«Говорили, — вспоминает работу с Борисовым в Доме звукозаписи Владимир Малков, — что он „тяжелый человек“. А в чем — тяжелый? Мало кого подпускал к себе, огрызался. Но если он кого-то не подпускал, то потом, как правило, выяснялось, что человек того стоил — или обстоятельства были таковы. А если уж ты проходил у него „проверку“, общаться можно было спокойно. Мне с ним было легко. Пристроек и реверансов нам не потребовалось. Может быть, потому, что мы ничем другим, кроме дела, не занимались. У нас была встреча по конкретному делу — и очень мужские взаимоотношения. И мне кажется, что такой тип отношений он ценил».
К Борисову, однолюбу, прекрасному семьянину, даже прикоснуться не смели щупальца пошлости. Желтизна, привычная для театрально-киношного мира, обходила его за много верст, не находя даже малейшего повода, чтобы к нему «присоседиться»: даже желтенького мазка, штришочка в его жизни нельзя было обнаружить. Чужая воля, направленная против Борисова, распылялась, какой бы силой она ни обладала. Гордость Борисова, но не гордыня, которой обычно чуждо чувство собственного достоинства, раздражала, поскольку демонстрировала другим, по выражению театроведа Натальи Казьминой, «их обыденность и обыкновенность».

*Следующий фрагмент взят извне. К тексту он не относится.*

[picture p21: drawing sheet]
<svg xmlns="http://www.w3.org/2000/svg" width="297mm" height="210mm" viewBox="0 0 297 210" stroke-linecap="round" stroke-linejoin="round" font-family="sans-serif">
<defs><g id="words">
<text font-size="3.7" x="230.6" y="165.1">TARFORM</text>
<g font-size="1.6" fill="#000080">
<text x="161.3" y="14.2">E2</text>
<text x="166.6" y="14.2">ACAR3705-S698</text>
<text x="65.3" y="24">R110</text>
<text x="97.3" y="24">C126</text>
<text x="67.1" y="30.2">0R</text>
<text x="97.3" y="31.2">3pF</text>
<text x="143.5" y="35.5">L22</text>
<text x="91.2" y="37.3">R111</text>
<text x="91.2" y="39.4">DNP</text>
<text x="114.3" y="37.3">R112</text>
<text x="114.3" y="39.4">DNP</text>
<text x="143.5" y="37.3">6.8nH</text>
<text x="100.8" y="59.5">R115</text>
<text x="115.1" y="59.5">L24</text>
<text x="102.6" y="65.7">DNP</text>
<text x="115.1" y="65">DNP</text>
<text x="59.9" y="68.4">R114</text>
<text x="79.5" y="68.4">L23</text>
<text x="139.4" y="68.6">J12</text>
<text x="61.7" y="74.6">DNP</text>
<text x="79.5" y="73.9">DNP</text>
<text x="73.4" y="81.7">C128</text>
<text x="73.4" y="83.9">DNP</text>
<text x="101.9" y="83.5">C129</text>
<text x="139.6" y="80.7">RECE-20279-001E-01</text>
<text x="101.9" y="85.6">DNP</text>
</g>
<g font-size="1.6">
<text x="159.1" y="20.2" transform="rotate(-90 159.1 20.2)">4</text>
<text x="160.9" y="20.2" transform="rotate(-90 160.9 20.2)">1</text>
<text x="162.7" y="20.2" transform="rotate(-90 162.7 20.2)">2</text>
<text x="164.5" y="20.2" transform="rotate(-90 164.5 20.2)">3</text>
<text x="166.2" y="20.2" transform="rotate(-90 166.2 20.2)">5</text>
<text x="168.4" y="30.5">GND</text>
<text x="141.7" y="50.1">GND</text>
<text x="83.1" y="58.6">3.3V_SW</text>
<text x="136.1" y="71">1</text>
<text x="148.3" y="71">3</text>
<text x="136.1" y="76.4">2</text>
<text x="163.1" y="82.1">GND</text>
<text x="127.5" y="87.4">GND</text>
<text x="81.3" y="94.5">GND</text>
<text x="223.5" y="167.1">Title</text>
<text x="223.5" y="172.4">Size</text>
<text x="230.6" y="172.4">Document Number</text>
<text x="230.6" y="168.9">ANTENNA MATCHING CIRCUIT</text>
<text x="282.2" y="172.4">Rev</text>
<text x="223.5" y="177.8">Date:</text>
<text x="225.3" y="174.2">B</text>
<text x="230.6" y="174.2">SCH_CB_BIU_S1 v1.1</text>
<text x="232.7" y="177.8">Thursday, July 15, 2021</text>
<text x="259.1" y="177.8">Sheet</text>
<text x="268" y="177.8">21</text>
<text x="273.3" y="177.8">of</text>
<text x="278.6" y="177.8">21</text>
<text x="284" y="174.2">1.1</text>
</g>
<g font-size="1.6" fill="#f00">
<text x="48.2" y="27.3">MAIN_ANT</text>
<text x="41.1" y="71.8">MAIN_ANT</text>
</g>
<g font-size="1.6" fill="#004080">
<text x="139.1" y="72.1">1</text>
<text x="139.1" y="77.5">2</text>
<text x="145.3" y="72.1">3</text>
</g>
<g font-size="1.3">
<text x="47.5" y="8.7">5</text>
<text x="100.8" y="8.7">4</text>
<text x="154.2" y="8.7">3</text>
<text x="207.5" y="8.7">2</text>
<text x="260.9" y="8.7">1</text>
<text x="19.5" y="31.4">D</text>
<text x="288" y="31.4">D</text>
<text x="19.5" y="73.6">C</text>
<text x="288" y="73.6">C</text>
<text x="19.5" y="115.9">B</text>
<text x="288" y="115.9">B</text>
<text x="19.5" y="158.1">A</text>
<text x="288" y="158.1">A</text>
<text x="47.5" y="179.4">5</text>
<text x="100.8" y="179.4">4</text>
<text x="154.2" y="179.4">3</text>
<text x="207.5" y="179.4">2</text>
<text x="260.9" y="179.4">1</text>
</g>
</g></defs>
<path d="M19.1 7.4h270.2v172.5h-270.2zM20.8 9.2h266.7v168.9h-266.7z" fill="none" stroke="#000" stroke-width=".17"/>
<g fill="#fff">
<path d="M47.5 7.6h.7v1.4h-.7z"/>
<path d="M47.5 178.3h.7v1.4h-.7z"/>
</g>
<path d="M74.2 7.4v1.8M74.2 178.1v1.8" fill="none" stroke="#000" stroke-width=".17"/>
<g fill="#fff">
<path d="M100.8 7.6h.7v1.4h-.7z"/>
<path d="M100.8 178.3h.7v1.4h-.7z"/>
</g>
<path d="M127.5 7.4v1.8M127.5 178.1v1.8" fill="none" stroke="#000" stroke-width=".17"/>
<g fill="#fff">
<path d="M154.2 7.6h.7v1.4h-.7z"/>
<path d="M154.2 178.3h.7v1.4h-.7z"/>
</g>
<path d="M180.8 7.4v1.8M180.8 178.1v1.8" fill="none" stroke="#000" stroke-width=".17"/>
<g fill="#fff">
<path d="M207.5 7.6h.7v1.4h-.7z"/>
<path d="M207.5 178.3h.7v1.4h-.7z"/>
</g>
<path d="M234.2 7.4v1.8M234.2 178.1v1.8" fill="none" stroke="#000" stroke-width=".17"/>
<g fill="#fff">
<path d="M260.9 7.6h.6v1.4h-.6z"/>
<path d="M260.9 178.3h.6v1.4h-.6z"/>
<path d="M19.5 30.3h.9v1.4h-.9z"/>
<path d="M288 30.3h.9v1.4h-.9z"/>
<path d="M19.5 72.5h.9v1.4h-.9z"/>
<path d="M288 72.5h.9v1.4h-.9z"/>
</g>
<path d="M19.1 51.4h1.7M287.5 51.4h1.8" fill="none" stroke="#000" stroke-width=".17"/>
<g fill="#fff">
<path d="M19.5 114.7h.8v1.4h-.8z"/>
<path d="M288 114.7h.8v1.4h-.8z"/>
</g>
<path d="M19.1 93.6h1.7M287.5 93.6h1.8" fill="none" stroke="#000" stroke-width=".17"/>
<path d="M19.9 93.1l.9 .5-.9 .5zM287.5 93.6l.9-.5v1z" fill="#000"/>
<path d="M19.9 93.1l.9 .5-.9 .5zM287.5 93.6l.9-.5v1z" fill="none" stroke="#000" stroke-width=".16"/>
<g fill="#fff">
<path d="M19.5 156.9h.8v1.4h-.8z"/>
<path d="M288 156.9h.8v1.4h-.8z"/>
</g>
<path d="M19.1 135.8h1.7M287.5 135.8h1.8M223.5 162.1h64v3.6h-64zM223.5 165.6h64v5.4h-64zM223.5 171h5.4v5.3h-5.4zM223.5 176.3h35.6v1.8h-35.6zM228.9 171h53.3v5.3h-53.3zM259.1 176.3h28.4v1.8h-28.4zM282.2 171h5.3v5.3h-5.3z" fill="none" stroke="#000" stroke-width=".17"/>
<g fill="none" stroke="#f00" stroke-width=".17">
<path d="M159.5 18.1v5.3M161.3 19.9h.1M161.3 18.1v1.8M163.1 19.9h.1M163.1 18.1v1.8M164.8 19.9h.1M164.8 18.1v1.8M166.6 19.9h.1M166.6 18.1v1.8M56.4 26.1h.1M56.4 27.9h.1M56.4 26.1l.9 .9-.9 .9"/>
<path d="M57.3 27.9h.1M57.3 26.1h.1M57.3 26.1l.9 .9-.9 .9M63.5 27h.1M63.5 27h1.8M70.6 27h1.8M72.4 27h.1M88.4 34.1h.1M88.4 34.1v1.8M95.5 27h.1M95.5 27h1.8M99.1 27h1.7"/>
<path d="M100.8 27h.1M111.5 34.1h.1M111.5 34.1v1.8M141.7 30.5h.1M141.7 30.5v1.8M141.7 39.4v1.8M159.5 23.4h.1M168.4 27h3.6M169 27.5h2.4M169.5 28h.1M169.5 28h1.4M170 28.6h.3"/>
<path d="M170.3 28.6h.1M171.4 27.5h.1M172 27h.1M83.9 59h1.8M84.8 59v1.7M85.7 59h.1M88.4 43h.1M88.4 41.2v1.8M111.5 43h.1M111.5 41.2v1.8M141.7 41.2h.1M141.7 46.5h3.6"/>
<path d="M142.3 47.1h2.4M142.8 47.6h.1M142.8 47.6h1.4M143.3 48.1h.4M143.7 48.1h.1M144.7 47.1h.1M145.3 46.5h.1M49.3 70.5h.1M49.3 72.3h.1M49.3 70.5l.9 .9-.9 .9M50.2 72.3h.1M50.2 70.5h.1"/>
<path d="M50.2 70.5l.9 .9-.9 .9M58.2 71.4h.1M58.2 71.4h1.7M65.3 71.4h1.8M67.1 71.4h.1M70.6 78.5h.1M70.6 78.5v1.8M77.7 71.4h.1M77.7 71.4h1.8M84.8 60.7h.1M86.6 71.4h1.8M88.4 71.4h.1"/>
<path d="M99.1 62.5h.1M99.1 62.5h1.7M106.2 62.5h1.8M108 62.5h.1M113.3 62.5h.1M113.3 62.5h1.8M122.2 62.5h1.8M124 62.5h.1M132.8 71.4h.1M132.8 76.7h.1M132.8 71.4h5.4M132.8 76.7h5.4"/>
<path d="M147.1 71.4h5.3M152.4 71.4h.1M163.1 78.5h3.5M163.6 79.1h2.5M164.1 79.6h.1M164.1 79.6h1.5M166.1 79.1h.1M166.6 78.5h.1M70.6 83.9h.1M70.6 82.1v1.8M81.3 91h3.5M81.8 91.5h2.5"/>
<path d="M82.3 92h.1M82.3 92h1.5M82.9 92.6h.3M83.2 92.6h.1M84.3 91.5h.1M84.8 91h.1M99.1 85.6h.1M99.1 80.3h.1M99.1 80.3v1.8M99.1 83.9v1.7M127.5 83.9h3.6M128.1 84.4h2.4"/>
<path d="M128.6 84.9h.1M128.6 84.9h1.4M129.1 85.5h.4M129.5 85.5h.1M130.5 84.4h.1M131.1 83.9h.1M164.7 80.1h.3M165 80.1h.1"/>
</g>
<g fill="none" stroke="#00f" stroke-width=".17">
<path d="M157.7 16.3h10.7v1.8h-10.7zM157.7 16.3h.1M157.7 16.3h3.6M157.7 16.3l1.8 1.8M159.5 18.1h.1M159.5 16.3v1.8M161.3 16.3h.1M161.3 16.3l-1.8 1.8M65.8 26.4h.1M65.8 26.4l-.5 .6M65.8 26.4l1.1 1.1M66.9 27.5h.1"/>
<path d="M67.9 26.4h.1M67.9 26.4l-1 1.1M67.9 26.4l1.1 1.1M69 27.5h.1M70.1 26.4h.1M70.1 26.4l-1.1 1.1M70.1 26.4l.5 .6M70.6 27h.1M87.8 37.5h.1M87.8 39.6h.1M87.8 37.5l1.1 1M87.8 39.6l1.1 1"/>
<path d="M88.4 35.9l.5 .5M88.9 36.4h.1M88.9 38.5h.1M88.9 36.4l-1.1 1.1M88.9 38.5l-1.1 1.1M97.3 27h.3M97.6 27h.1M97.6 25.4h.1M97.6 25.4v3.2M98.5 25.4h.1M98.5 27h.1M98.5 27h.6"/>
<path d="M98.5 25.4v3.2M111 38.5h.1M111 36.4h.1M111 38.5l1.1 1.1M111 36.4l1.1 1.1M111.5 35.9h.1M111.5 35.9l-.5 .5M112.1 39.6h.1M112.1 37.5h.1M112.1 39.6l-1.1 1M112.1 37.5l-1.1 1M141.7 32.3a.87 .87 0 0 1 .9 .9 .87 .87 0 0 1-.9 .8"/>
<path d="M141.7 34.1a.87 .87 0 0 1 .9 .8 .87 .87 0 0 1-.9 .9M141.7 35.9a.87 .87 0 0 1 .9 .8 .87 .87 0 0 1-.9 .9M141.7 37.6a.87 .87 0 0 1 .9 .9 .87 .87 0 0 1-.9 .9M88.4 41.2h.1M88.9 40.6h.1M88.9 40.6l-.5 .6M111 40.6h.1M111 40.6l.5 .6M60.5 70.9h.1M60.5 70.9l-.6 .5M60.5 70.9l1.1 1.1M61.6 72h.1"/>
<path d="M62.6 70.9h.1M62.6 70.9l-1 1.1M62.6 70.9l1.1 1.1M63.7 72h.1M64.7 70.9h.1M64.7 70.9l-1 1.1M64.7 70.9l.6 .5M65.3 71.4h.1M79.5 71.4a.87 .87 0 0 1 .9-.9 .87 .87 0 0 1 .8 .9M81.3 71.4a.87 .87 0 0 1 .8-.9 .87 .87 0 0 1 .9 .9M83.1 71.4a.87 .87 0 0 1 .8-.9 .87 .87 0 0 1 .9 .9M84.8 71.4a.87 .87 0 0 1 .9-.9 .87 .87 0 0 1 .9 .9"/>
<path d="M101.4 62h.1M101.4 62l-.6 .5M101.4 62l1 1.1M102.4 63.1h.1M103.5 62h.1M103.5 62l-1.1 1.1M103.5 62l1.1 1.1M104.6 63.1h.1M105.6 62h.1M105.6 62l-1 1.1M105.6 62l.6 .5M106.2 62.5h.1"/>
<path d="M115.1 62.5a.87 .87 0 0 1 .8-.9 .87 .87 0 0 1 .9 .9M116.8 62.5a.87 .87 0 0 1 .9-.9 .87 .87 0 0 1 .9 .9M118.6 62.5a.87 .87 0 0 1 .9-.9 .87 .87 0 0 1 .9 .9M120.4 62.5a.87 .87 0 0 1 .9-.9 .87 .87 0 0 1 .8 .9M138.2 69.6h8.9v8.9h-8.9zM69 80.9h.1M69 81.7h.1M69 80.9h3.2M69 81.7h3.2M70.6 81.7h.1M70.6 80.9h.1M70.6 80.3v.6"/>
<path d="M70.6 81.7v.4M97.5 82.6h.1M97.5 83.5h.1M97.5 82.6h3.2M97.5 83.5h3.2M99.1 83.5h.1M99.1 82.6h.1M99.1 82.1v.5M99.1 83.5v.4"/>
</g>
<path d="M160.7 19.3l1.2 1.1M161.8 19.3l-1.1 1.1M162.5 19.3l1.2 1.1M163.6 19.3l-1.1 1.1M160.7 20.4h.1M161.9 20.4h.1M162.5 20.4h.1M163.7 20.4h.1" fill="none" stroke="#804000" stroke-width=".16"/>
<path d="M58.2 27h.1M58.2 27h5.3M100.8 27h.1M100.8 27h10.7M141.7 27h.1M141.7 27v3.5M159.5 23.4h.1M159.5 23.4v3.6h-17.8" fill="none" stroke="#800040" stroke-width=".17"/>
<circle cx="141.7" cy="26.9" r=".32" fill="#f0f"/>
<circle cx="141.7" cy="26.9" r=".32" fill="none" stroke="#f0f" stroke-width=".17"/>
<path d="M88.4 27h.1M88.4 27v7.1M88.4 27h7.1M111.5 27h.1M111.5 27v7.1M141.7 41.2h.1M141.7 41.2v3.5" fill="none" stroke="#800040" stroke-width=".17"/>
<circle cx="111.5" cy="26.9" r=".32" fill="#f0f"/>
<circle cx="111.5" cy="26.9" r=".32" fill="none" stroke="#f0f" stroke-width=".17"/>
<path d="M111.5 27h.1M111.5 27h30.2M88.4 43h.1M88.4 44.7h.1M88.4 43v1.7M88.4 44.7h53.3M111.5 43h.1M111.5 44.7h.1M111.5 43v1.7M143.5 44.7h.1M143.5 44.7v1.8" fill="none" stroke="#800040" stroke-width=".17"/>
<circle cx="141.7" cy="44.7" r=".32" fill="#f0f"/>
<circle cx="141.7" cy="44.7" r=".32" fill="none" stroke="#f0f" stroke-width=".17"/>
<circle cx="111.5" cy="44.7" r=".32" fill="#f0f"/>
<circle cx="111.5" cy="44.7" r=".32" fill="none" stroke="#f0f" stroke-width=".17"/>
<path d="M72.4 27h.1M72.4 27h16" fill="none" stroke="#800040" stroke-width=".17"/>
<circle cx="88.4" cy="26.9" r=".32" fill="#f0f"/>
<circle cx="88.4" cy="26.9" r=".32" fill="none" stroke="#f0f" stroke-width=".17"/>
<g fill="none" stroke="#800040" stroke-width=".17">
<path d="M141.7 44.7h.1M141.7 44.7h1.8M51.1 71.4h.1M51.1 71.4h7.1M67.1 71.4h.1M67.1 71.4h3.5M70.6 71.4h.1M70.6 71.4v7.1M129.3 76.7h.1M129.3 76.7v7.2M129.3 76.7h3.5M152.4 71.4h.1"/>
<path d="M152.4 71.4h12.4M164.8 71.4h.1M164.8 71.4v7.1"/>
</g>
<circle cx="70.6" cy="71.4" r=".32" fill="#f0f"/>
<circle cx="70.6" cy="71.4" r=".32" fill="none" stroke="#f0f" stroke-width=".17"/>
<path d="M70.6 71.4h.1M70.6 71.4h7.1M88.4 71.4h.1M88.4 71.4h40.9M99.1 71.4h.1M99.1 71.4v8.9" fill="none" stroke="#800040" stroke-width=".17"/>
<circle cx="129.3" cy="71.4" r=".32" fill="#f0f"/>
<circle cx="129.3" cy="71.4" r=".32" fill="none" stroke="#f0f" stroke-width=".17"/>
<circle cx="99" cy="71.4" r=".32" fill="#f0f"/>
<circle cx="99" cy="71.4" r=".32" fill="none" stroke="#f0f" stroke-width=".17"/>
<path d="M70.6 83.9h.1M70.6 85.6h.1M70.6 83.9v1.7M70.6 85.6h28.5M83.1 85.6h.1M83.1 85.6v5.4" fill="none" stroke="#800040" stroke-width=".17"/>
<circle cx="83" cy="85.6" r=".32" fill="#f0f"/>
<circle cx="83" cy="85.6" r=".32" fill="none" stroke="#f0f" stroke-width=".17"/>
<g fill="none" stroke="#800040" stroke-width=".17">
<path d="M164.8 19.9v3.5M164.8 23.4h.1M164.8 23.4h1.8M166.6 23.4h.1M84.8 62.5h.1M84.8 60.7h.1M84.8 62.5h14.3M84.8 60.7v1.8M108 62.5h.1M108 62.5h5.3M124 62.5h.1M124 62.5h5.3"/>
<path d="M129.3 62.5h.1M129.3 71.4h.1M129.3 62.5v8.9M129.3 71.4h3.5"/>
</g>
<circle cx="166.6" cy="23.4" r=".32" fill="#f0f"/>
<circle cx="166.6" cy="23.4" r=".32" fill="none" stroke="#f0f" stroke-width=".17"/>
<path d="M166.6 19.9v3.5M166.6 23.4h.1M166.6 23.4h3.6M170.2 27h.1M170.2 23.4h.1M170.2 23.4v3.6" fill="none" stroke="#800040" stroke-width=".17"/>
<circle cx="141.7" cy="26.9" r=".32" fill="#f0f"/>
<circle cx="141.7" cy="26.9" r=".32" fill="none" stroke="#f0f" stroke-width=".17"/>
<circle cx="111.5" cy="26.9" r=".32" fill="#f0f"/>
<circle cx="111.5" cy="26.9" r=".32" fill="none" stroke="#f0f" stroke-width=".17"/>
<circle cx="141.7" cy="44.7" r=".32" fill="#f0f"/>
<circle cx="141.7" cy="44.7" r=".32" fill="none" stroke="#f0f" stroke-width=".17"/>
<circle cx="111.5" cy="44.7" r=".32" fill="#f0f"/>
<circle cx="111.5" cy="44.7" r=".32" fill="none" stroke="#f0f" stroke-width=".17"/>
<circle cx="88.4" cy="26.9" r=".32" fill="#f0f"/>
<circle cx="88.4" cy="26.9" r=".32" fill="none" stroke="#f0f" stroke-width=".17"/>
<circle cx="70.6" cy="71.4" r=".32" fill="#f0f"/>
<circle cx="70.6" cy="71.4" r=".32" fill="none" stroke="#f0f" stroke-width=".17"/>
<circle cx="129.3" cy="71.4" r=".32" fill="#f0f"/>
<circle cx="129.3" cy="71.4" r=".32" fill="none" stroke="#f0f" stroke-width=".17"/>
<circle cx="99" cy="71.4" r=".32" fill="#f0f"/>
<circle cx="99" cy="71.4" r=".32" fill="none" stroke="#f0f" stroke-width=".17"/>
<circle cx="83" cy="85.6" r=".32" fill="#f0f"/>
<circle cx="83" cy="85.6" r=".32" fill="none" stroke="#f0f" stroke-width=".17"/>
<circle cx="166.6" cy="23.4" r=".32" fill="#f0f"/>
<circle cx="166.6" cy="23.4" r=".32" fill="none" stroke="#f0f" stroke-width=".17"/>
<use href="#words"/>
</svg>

Попытки представить Борисова в негативном свете, конечно же, были. Один из киевских театральных деятелей, с которым Борисов даже не был знаком, поведал, например, в прессе бредовую, мягко говоря, информацию, связанную с гастролями БДТ в Аргентине в 1981 году. Олег Иванович будто бы заставил Товстоногова взять себя в Аргентину вместо какого-то молодого артиста, который должен был там играть, и из Буэнос-Айреса звонил в Ленинградский обком партии и рассказывал о том, как плохо театр проводит гастроли.
Начать, во-первых, следует с того, что в Аргентину поехали два спектакля БДТ — «Ханума» и «История лошади». Во время аргентинских показов «Ханумы» Товстоногов отправил в массовку — одна только сцена в городской бане чего стоит! — звезд: Борисова, Кирилла Лаврова и Евгения Лебедева, и троица, обычно в спектакле этом не задействованная, изрядно на сцене повеселилась. «Стриж (Стржельчик. —
И только в воспаленном мозгу (это — во-вторых) могла родиться история о том, что Борисов звонил в обком КПСС и докладывал о «плохих» гастролях. В театральной делегации, побывавшей с 19 апреля по 10 мая 1981 года в Аргентине, было кому звонить в «центр». Возглавлял ее заведующий отделом торговли то ли Ленинградского горкома КПСС, то ли обкома партии Николай Букин. Он — по мере необходимости — мог осуществлять связь со своим руководством через тогдашнего посла СССР в Аргентине Сергея Стриганова.
Был, разумеется, в делегации и «искусствовед в штатском» — без них не обходился ни один выезд театральных коллективов и спортивных команд за рубеж. И он сообщал «куда надо» то, что хотел сообщить — в письменной форме и, если срочно, по телефону, предоставленному в его распоряжение работавшими под крышей посольства коллегами этого «искусствоведа» из КГБ.
Оказался БДТ в Аргентине в пасхальные дни. «„Христос воскресе!“ — говорит Б., прикрепленный к нам „инструктор“, попросту говоря, „стукач“, когда мы с Пустохиным выходим из гостиницы, — записал в дневнике Олег Иванович. „Воистину воскресе!“ — отвечаю с гордостью».
Борисов взял с собой в Аргентину письмо, чтобы отправить его в Америку проживающей там другу их семьи Шевелевой. Никому, понятно, он его не показывал. Конверт жег карман пиджака. Поиски почты затянулись. «Как чувствовал — это будет непросто, — вспоминал Олег Иванович. — Сева Кузнецов спрашивает: „Ты что-то ищешь?“ Действительно, у каждого дома останавливаюсь, думаю: почта! а это — банк или какой-нибудь „Эл самовар де Распутин“. Говорю Севке: „Ты в гостиницу иди, я еще погуляю“. Наконец нашел методом исключения. Дышу неровно. Объясняю с трудом, чего мне нужно. Марку покупаю. Мне пальцами показывают, в какое окно. А тут Б. — как из-под земли вырастает. Газеты покупал. „Кажется, он меня только сейчас заметил, — начал прикидывать я, — значит, как покупал марку — не видел. А если и видел, то что? Письмa-то я из кармана здесь не вынимал!“ Объясняю Б., что домой хотел весточку. Он меня под руку: „Мы скорее в Ленинград вернемся, чем дойдет твое письмо“. Быстро перевожу разговор на другую тему… Кажется, он ни о чем не догадался. Зато я теперь знаю, где почта, и марка уже есть, и на что наклеивать».